We understand the concerns of Drs. Bader and Shugars regarding use of the terms "consecutive prevalence" and "incidence." However, we disagree with their statement that "consecutive prevalence studies can only be used to calculate incidence when the event of interest is permanent ... ."
We did, in fact, measure incidence, albeit by using a tooth-specific consecutive prevalence method. Using this method, the tooth-specific new events are observable, although the incidence estimate is of necessity a lower-bound estimate.
We share Drs. Baders and Shugars concern about communicating to the typical reader the distinction between consecutive prevalence and incidence. This is why we made such a point of being careful to communicate to the reader exactly what we mean by those terms and their limitations.
We also agree that readers should keep these distinctions in mind when making inferences from this study. This is why we emphasized this point in the Abstract, reminded the reader again in the Results section, closed the article by devoting a full paragraph to that point and then strategically made that paragraph the last one in the Discussion section.
Drs. Bader and Shugars take issue with our sentence, "Blacks and people who seek care on a problem-oriented basis are at greater risk of developing [fractures]." As a stand-alone sentence, we agree that the typical reader might misinterpret our intent. In retrospect, we wish that we had added at the end of that sentence a phrase such as "keeping in mind the limitations of the consecutive prevalence method."

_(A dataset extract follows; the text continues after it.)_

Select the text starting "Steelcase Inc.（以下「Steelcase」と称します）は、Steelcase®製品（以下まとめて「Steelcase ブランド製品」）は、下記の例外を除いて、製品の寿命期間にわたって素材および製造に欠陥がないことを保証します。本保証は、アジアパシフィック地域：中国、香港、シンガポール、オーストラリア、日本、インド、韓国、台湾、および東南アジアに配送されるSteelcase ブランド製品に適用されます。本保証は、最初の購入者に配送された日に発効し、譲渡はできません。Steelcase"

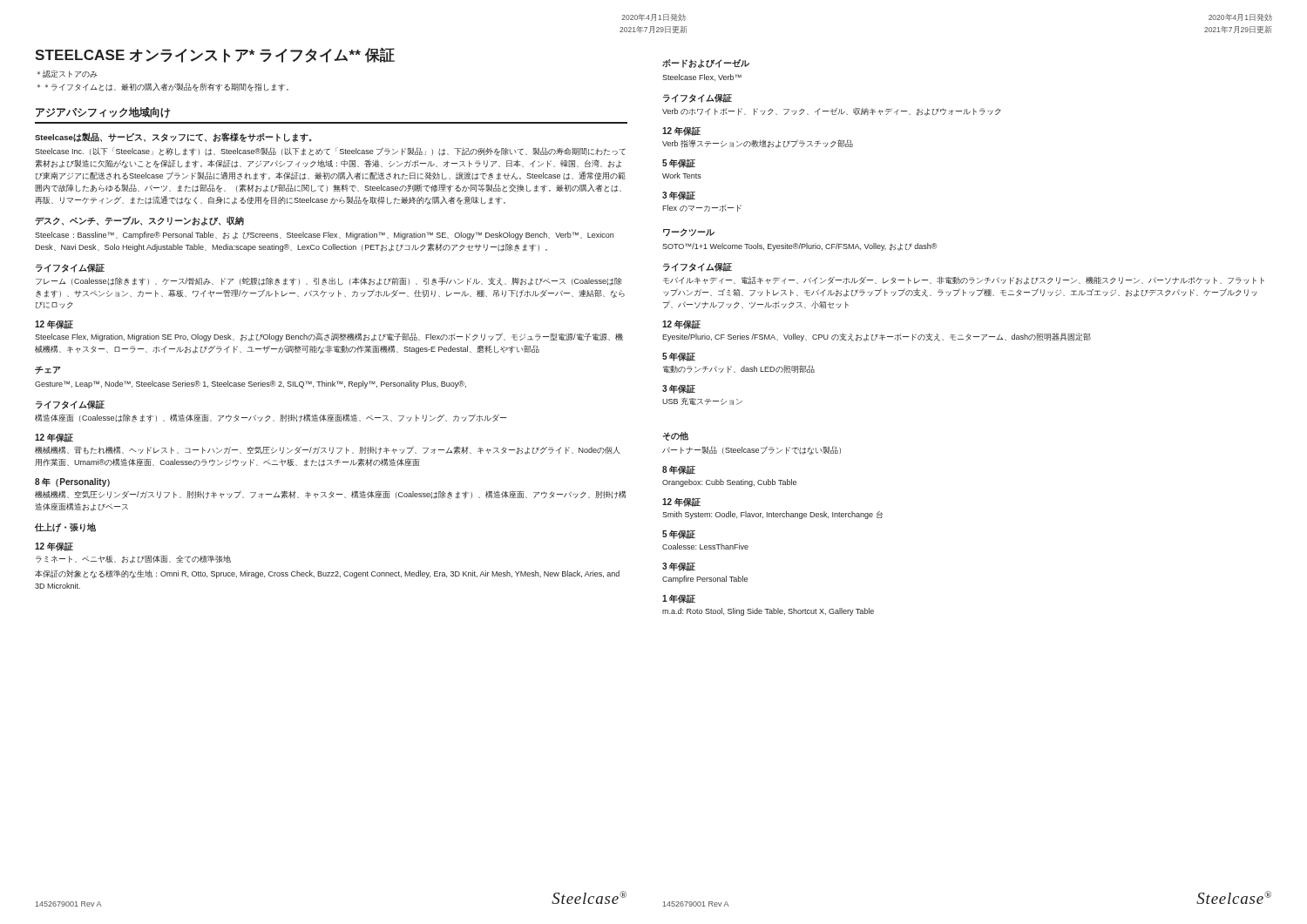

We do not believe that this study is flawed, much less seriously so. It simply has limitations, limitations that we emphasized throughout the article. We believe that this study is a substantive contribution to the literature.
Before we analyzed these data, we thought that the incidence of these events would be quite low, and that we as dental clinicians may be doing more dental treatment than necessary to prevent low-probability events. We were surprised that the incidence of these conditions was quite high, especially keeping in mind that our incidence estimate is a lower-bound one (that is, the true incidence could only be higher).
Undoubtedly, because fractures could be treated in the dental office before we were able to observe them, the real incidence figure is significantly higher, which in our opinion makes our article even more compelling. To our knowledge, this is the first study to measure restoration and cusp fractures in a representative, community-based sample of dentate adults.
We are grateful for comments made by the anonymous JADA reviewers, and to The Journal for helping us communicate these findings to the scientific and clinical audience.